6.8 解答

6.8

1.

(a) $f(x,y) = 2x^2 + 5xy - 3y^2 - 1 = 0$とおき，$f(x,y)$の全微分を求めると，

$$df = f_{x}dx + f_{y}dy = (4x + 5y)dx + (5x - 6y)dy = 0$$

これより，

$$\frac{dy}{dx} = -\frac{4x + 5y}{5x - 6y}.$$

$$\frac{d^2 y}{dx^2} = -\frac{(4 + 5\frac{dy}{dx})(5x - 6y) - (4x + 5y)(5 - 6\frac{dy}{dx})}{(5x - 6y)^2}$$

$$= -\frac{4(5x-6y)^2 - 10(4x+5y)(5x-6y) - 6(4x+5y)^2}{(5x - 6y)^3}$$

(b)

$f(x,y) = y - e^{x+y} = 0$とおき，$f(x,y)$の全微分を求めると，

$$df = f_{x}dx + f_{y}dy = -e^{x+y}dx + (1 - e^{x+y})dy = 0$$

これより，

$$\frac{dy}{dx} = -\frac{e^{x+y}}{1 - e^{x+y}}.$$

次に， $\frac{d^2 y}{dx^2}$を求める．ここでは，

$$\frac{d^2 y}{dx^2} = - \frac{f_{xx}f_{y}^2 - 2f_{xy}f_{x}f_{y} + f_{xx}f_{y}^2}{f_{y}^{3}}$$

を用いる．

$$f_{xx} = -e^{x+y}, f_{xy} = -e^{x+y}, f_{yy} = -e^{x+y}$$

より

$$\frac{d^2 y}{dx^2} = -\frac{-e^{x+y}(1-e^{x+y})^2 + 2e^{x+y}(-e^{x+y})(1 - e^{x+y}) - e^{x+y}e^{2(x+y)}}{(1 - e^{x+y})^3}$$

$$= -\frac{-e^{x+y} + 2e^{2(x+y)} - e^{3(x+y)} - 2e^{2(x+y)} + 2e^{3(x+y)} - e^{3(x+y)}}{(1 - e^{x+y})^3}$$

$$= \frac{e^{x+y}}{(1 - e^{x+y})^{3}}$$

(c)

$f(x,y) = x^2 - y^2 - xy= 0$とおき，$f(x,y)$の全微分を求めると，

$$df = f_{x}dx + f_{y}dy = (2x-y)dx + (-2y-x)dy = 0$$

これより，

$$\frac{dy}{dx} = \frac{2x - y}{2y+x}.$$

次に， $\frac{d^2 y}{dx^2}$を求める．ここでは，

$$\frac{d^2 y}{dx^2} = - \frac{f_{xx}f_{y}^2 - 2f_{xy}f_{x}f_{y} + f_{xx}f_{y}^2}{f_{y}^{3}}$$

を用いる．

$$f_{xx} = 2, f_{xy} = -1, f_{yy} = -2$$

より

$$\frac{d^2 y}{dx^2} = -\frac{2(-2y-x)^2 + 2(2x-y)(-2y-x) -2(2x-y)^2}{(-2y-x)^3}$$

$$= \frac{2(x+2y)^2 -2(2x-y)(x+2y) -2(2x-y)^2}{(x+2y)^3}$$

(d)

$f(x,y) = \log{\sqrt{x^2 + y^2}} - \tan^{-1}{\frac{y}{x}} = 0$とおき，$f(x,y)$の全微分$df$を求める.
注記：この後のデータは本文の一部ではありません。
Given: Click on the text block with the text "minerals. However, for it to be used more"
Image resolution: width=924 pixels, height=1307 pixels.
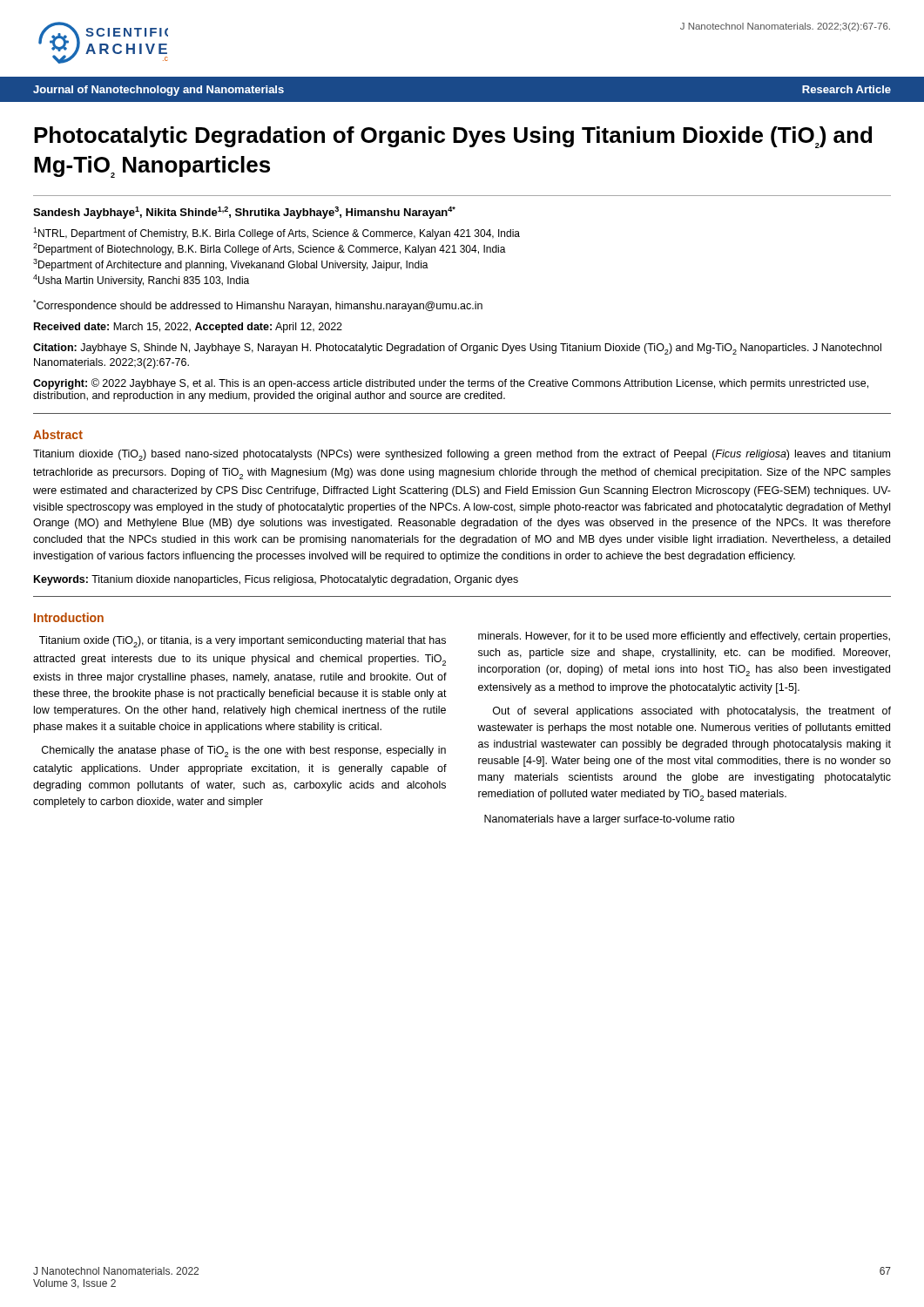Looking at the screenshot, I should click(684, 661).

$$f_{x} = \frac{1}{2}(\frac{2x}{x^2 + y^2}) - \frac{-\frac{y}{x^2}}{1 + (\frac{y}{x})^2}$$

$$= \frac{x}{x^2 + y^2} + \frac{y}{x^2 + y^2} = \frac{x+y}{x^2 + y^2}$$

$$f_{y} = \frac{1}{2}(\frac{2y}{x^2 + y^2} - \frac{\frac{1}{x}}{1 + (\frac{y}{x})^2}$$

$$= \frac{y}{x^2 + y^2} - \frac{x}{x^2 + y^2} = \frac{y - x}{x^2 + y^2}$$

より

$$\frac{dy}{dx} = - \frac{f_{x}}{f_{y}} = - \frac{x+y}{y-x} = \frac{x+y}{x-y}$$

次に， $\frac{d^2 y}{dx^2}$を求める．ここでは，直接求める．

$$\frac{d^2 y}{dx^2} = \frac{(1 + \frac{dy}{dx})(x-y) - (x+y)(1 - \frac{dy}{dx})}{(x-y)^2}$$

$$= \frac{(x - y + x + y)(x-y) - (x-y)(x-y-x-y) }{(x - y)^3}$$

$$= \frac{2x^2 - 2xy + 2xy + 2y^2}{(x-y)^3}$$

$$= \frac{2(x^2 + y^2)}{(x-y)^3}$$

2.

(a) $f(x,y,z) = x^2 + y^2 + z^2 - 4 = 0, g(x,y) = x^2 + y^2 - 4x = 0$とおき全微分を求めると，

$$df = f_{x}dx + f_{y}dy + f_{z}dz = 2xdx + 2ydy + 2zdz = 0$$ (10.5)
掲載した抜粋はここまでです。